*TASK REQUIREMENTS*. For the listing that follows, give again exactly the lines from the one with "40. plastic bottle <box>257,272,259,280</box>" to the one with "48. cardboard box <box>900,178,909,190</box>", including both.

═════ RAW DATA ═════

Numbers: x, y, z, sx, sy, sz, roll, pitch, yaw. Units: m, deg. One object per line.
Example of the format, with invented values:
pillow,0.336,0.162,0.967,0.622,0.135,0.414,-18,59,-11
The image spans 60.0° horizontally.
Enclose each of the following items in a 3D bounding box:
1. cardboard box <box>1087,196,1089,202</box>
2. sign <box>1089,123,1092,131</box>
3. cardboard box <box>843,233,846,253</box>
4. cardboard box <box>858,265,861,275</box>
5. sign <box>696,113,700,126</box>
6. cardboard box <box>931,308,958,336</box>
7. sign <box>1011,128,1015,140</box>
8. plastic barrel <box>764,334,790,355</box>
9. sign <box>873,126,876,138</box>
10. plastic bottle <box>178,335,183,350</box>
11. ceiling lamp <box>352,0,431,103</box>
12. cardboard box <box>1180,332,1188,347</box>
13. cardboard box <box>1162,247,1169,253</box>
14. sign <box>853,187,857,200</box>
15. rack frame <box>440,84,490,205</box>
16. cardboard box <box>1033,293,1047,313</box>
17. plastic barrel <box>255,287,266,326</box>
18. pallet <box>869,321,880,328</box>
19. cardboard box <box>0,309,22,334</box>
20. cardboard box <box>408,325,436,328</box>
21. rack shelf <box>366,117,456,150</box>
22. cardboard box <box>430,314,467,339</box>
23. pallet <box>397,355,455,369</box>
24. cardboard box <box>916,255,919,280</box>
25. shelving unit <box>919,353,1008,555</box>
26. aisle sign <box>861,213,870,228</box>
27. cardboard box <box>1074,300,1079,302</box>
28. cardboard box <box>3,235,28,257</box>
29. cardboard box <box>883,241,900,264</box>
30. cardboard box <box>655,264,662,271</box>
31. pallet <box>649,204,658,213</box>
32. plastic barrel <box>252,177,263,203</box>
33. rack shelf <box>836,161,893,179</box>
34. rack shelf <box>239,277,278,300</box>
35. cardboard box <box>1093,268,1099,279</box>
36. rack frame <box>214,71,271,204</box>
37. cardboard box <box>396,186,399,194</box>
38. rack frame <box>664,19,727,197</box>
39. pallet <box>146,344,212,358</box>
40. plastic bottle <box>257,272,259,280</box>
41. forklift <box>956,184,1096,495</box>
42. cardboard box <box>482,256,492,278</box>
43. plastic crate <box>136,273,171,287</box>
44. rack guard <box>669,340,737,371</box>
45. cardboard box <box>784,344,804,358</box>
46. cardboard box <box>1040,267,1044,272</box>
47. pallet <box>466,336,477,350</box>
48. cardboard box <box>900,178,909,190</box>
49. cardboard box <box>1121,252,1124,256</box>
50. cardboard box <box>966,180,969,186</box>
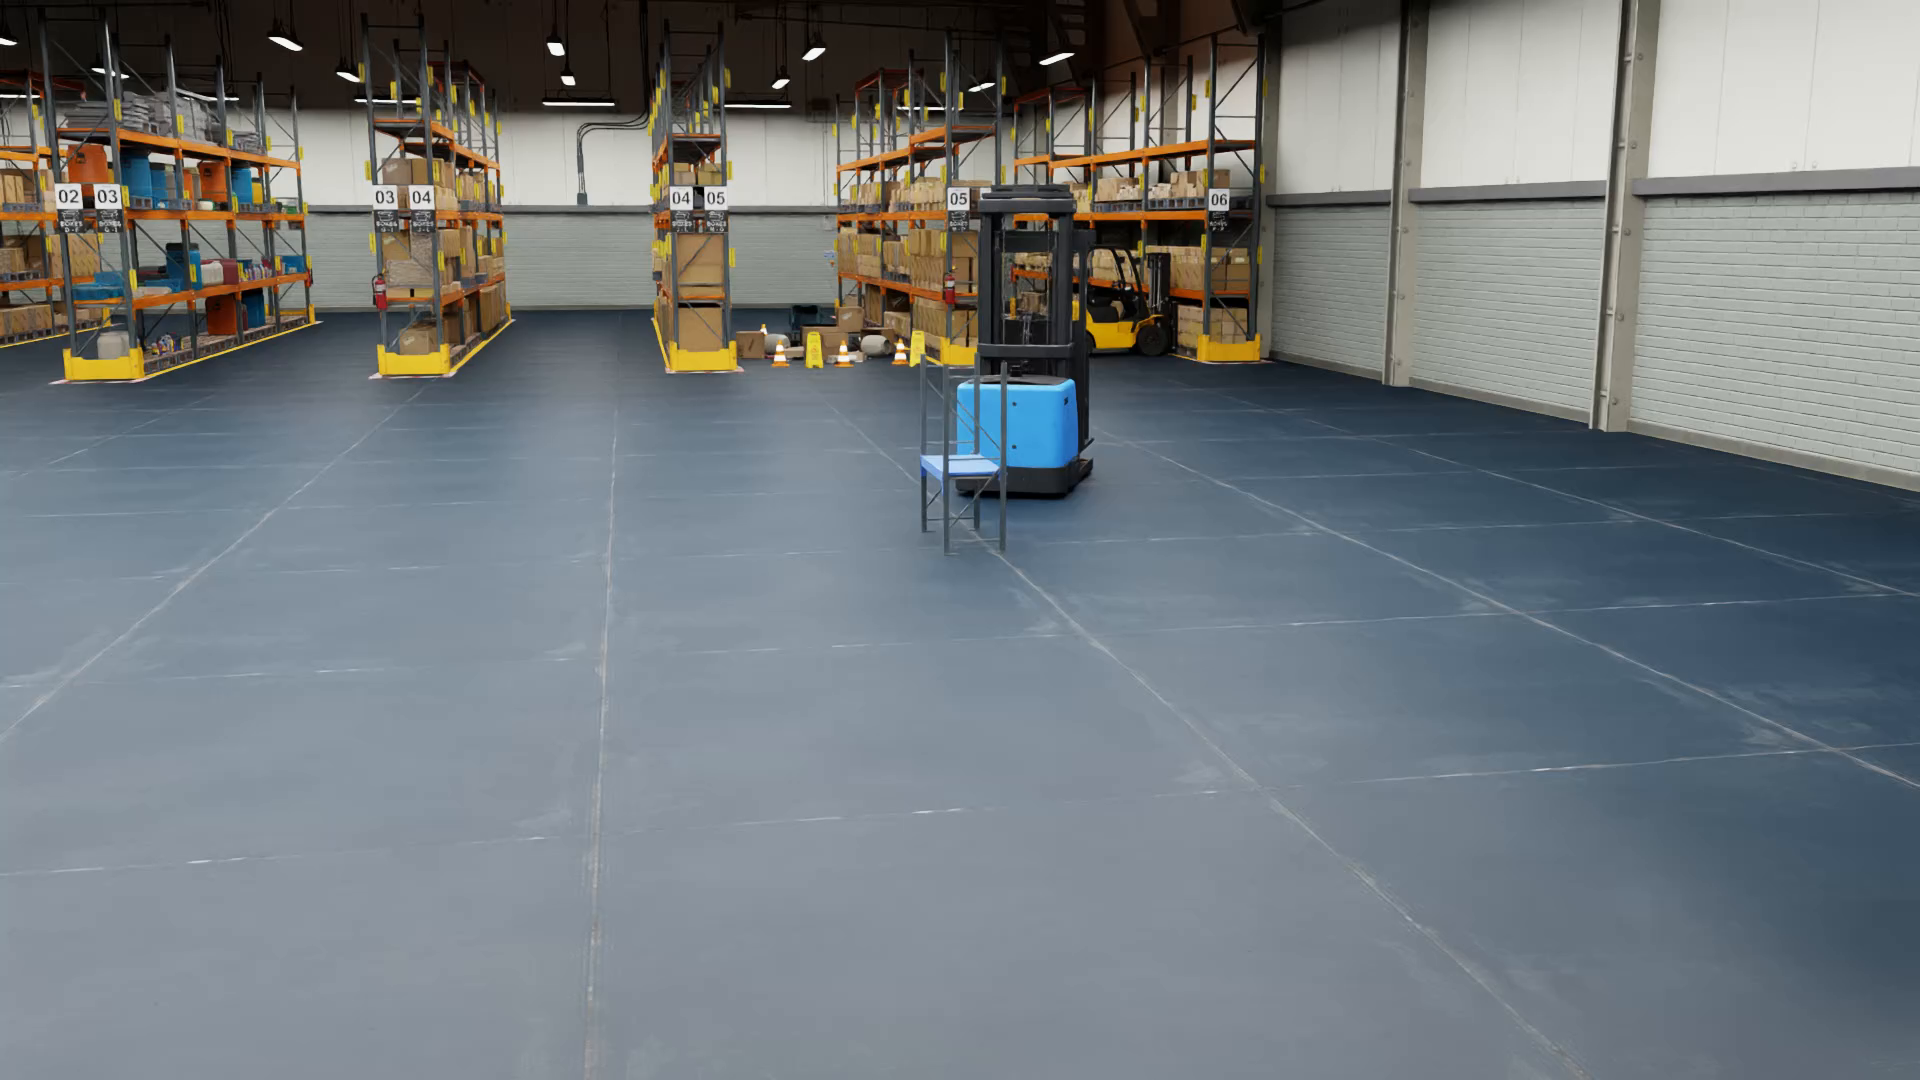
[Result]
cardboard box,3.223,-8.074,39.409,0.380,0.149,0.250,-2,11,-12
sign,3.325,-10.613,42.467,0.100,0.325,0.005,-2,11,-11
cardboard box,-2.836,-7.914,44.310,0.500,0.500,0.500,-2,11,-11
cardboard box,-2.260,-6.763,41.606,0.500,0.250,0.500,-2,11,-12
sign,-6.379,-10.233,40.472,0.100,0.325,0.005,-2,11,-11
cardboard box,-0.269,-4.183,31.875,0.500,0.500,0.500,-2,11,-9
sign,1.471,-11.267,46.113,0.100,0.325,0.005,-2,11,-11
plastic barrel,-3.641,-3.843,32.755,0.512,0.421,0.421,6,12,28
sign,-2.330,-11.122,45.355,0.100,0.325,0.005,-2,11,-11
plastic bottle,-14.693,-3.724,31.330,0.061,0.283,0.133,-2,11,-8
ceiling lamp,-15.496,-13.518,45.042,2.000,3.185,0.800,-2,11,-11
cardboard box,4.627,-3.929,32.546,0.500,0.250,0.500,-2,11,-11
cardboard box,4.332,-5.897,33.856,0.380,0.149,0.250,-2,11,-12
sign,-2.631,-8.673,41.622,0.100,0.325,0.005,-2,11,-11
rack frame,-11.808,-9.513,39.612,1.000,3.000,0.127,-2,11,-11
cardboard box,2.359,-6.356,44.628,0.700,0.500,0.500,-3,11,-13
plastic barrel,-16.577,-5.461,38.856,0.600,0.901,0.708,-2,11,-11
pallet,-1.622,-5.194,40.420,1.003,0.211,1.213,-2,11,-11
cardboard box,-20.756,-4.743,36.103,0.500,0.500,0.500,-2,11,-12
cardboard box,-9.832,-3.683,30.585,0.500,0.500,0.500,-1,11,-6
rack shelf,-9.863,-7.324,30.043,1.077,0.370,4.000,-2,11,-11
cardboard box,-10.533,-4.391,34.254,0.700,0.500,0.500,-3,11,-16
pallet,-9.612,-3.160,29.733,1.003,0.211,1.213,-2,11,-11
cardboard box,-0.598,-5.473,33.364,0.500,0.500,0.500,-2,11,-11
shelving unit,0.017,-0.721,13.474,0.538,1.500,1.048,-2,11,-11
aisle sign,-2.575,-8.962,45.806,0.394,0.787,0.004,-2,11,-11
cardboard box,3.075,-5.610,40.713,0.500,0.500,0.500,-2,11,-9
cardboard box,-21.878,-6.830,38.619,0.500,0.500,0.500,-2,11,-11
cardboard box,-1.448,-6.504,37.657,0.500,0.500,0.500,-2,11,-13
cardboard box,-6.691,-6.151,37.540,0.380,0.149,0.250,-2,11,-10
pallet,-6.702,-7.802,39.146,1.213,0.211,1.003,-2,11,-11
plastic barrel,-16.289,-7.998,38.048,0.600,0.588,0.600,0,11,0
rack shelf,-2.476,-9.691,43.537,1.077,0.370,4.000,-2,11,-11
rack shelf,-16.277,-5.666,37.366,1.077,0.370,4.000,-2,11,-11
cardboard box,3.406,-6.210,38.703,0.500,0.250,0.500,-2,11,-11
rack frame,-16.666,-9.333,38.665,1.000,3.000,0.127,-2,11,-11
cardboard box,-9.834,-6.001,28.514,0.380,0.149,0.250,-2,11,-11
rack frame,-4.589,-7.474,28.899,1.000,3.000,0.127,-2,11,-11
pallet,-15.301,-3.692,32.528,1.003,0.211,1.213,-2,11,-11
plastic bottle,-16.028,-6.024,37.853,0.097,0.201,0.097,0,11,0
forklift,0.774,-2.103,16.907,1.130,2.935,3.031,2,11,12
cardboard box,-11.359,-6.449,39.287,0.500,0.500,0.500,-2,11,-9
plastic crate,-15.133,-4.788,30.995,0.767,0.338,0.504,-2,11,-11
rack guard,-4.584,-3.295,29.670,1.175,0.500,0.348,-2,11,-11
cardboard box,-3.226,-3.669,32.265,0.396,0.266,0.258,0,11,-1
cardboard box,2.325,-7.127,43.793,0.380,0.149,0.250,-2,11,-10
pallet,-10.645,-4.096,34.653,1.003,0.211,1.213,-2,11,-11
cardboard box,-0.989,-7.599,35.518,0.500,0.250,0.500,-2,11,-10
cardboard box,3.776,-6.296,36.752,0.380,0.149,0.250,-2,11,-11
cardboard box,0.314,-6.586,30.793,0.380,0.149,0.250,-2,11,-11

═════
═════ RAW DATA ═════

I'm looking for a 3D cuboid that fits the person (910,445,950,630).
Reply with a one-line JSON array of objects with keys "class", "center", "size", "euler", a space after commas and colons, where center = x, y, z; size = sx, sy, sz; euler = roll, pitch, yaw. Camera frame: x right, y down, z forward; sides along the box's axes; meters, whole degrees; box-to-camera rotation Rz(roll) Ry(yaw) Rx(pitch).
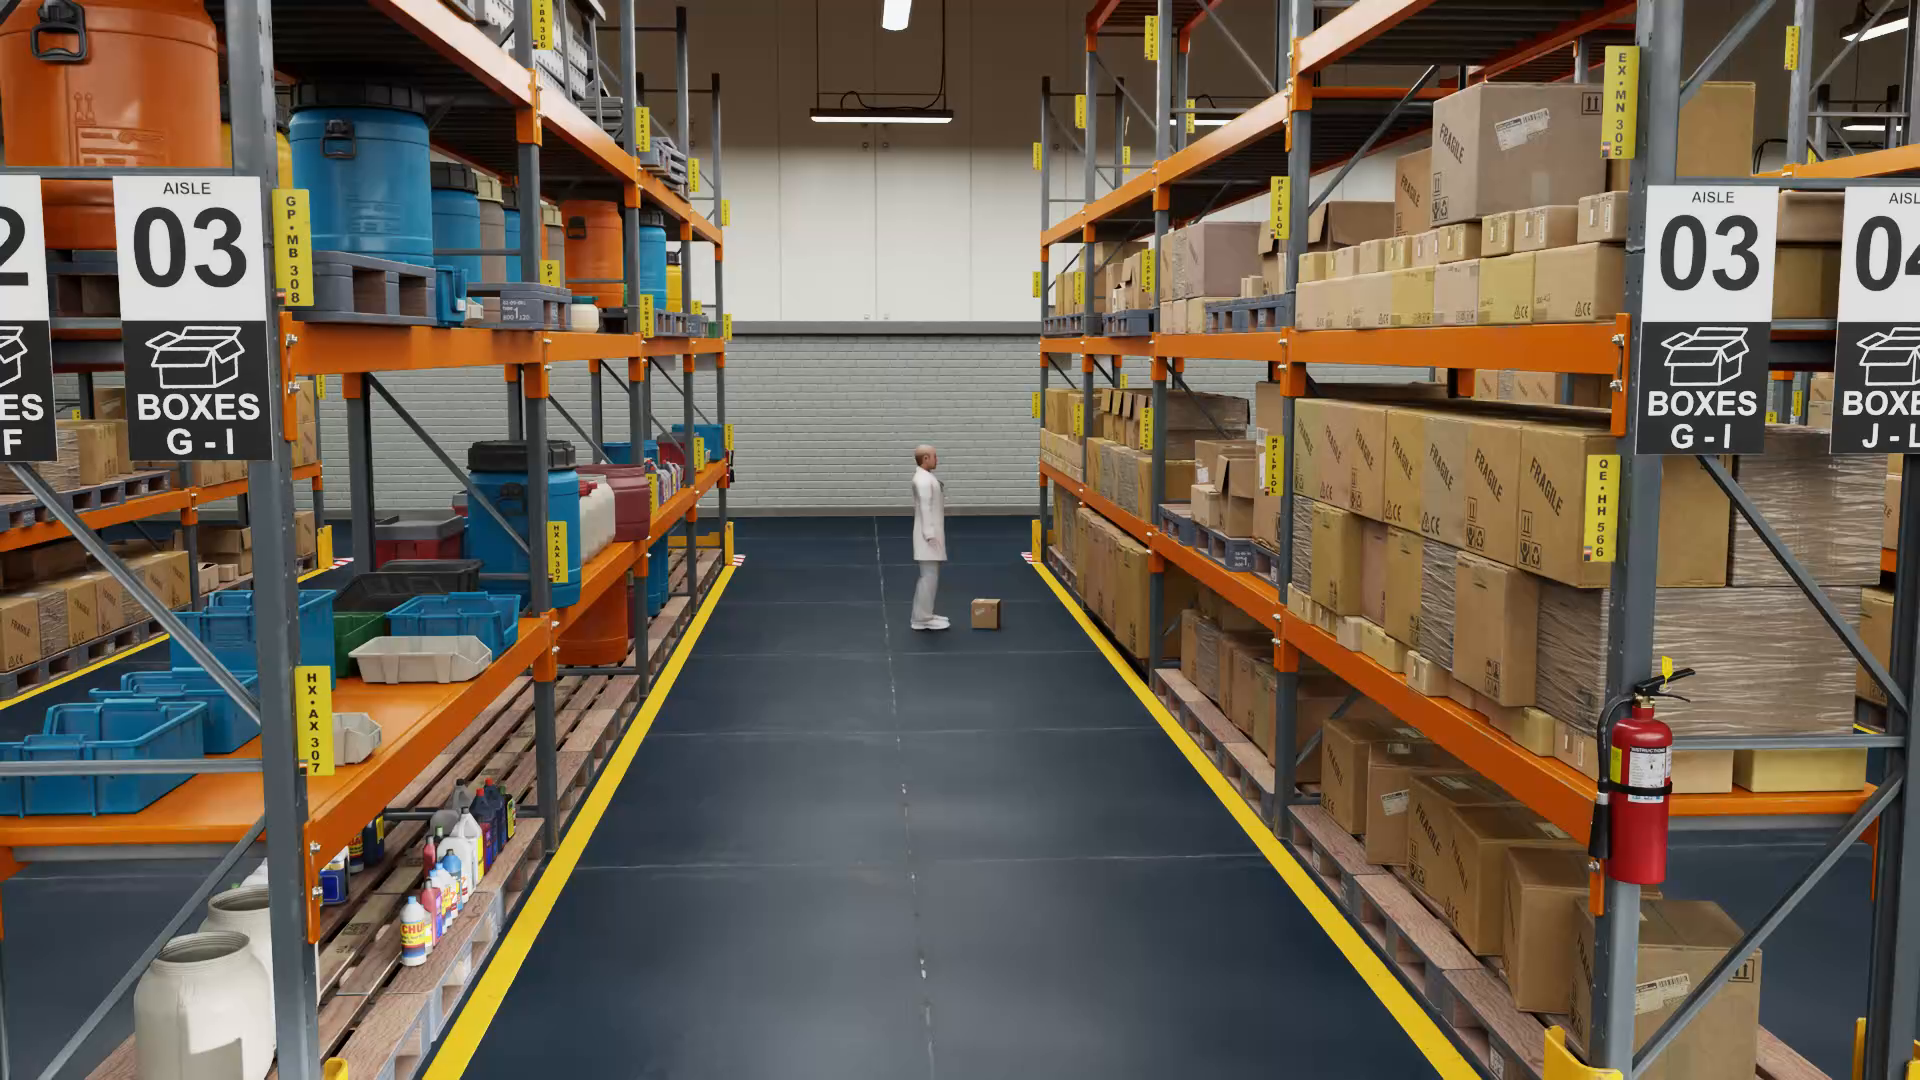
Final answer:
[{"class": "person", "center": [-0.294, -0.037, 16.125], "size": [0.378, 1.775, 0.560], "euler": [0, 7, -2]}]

═════

*YOUR SOLUTION*.
40. plastic bottle <box>257,272,259,280</box>
41. forklift <box>956,184,1096,495</box>
42. cardboard box <box>482,256,492,278</box>
43. plastic crate <box>136,273,171,287</box>
44. rack guard <box>669,340,737,371</box>
45. cardboard box <box>784,344,804,358</box>
46. cardboard box <box>1040,267,1044,272</box>
47. pallet <box>466,336,477,350</box>
48. cardboard box <box>900,178,909,190</box>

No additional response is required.